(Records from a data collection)
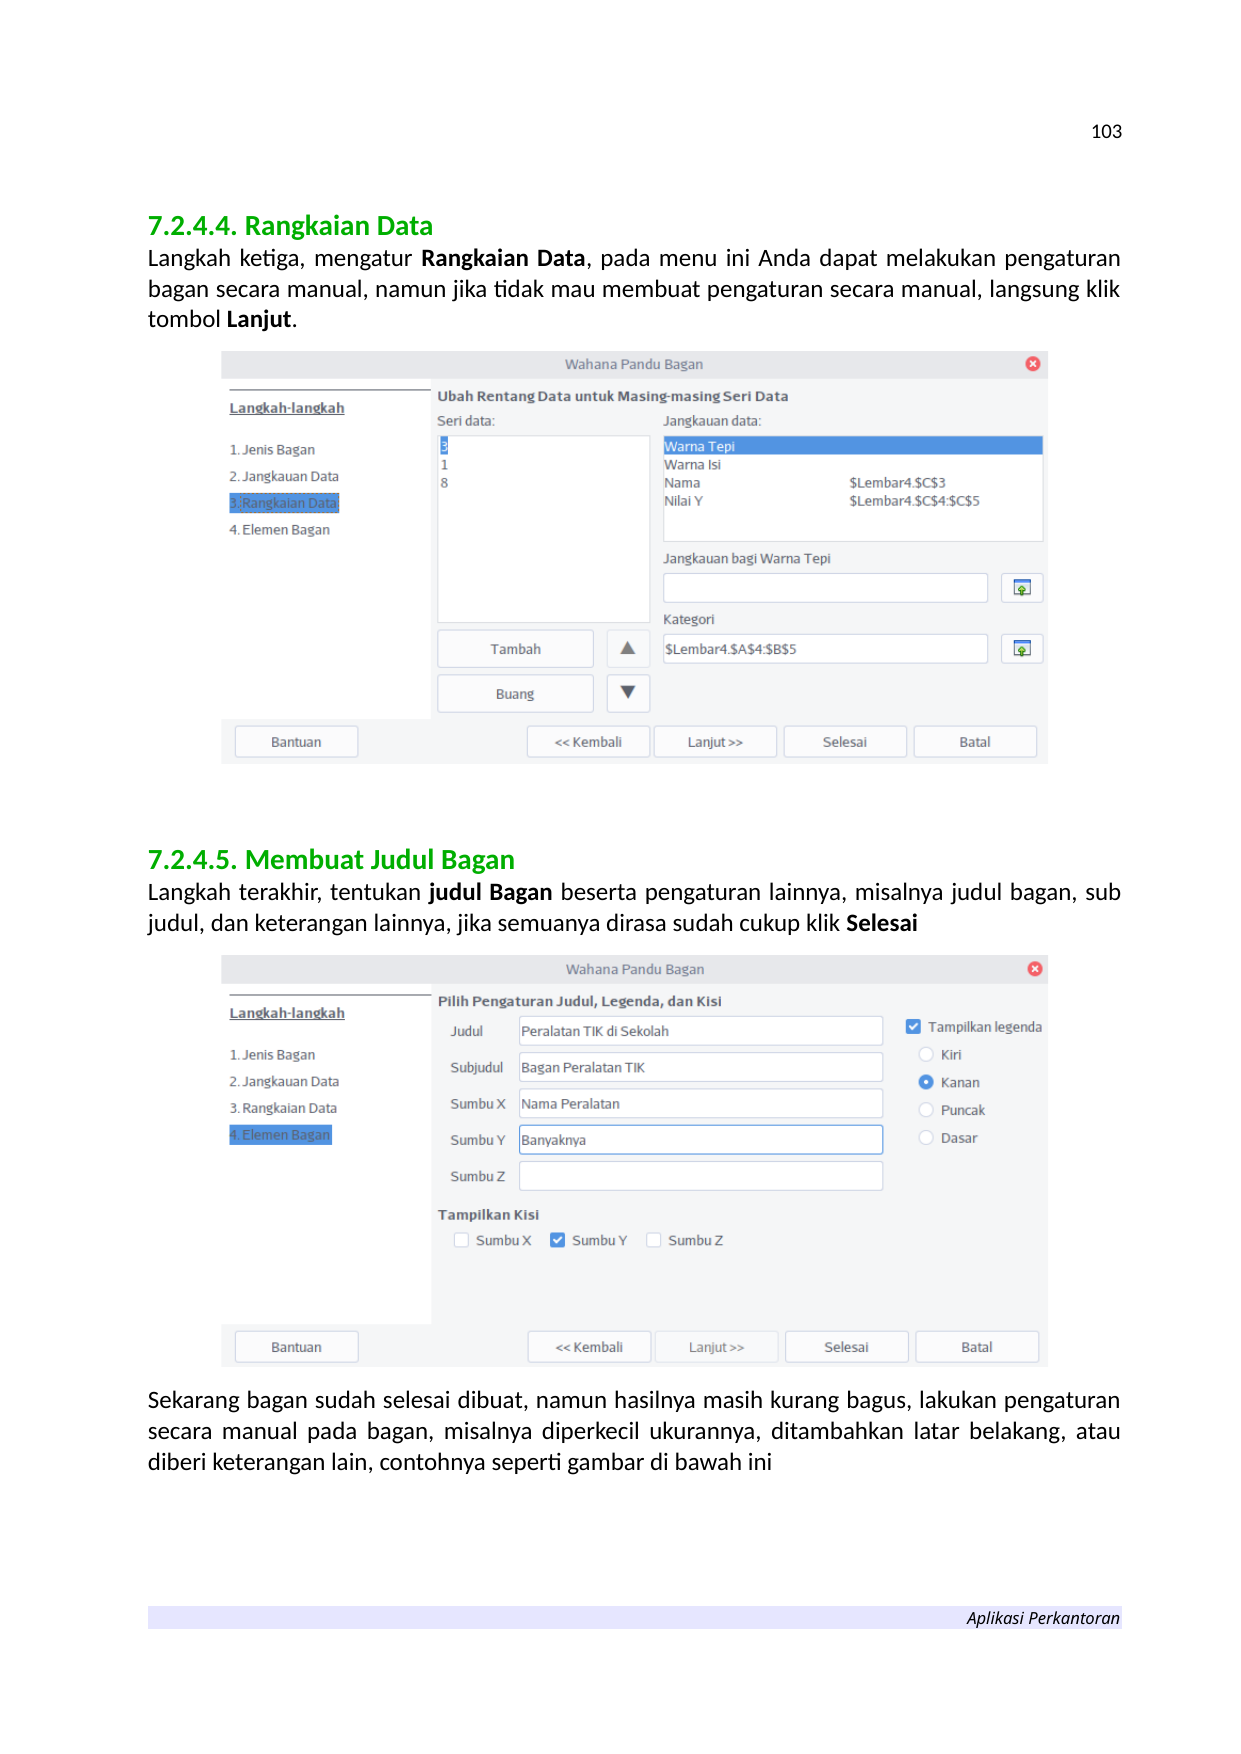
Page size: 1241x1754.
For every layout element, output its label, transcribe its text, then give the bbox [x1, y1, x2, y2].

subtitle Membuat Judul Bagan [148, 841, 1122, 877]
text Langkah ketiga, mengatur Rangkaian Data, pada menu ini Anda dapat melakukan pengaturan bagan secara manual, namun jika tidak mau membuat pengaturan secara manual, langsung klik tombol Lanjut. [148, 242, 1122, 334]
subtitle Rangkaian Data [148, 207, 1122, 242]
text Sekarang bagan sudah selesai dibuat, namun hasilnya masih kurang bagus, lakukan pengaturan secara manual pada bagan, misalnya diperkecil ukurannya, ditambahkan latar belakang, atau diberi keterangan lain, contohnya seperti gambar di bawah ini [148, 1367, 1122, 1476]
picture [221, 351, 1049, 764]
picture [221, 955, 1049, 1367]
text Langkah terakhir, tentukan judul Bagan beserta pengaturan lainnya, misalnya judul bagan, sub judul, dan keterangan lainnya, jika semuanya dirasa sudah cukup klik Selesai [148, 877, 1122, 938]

WHAT YOU HAVE TO DO:
Take every entry above and transcribe it exactly, with no pictures in the copy.

ANSWER TO THE EXERCISE:
Page size: 1241x1754.
For every layout element, output its label, transcribe its text, then give the bbox [x1, y1, x2, y2].

subtitle Membuat Judul Bagan [148, 841, 1122, 877]
text Langkah ketiga, mengatur Rangkaian Data, pada menu ini Anda dapat melakukan pengaturan bagan secara manual, namun jika tidak mau membuat pengaturan secara manual, langsung klik tombol Lanjut. [148, 242, 1122, 334]
subtitle Rangkaian Data [148, 207, 1122, 242]
text Sekarang bagan sudah selesai dibuat, namun hasilnya masih kurang bagus, lakukan pengaturan secara manual pada bagan, misalnya diperkecil ukurannya, ditambahkan latar belakang, atau diberi keterangan lain, contohnya seperti gambar di bawah ini [148, 1367, 1122, 1476]
picture [221, 351, 1049, 764]
picture [221, 955, 1049, 1367]
text Langkah terakhir, tentukan judul Bagan beserta pengaturan lainnya, misalnya judul bagan, sub judul, dan keterangan lainnya, jika semuanya dirasa sudah cukup klik Selesai [148, 877, 1122, 938]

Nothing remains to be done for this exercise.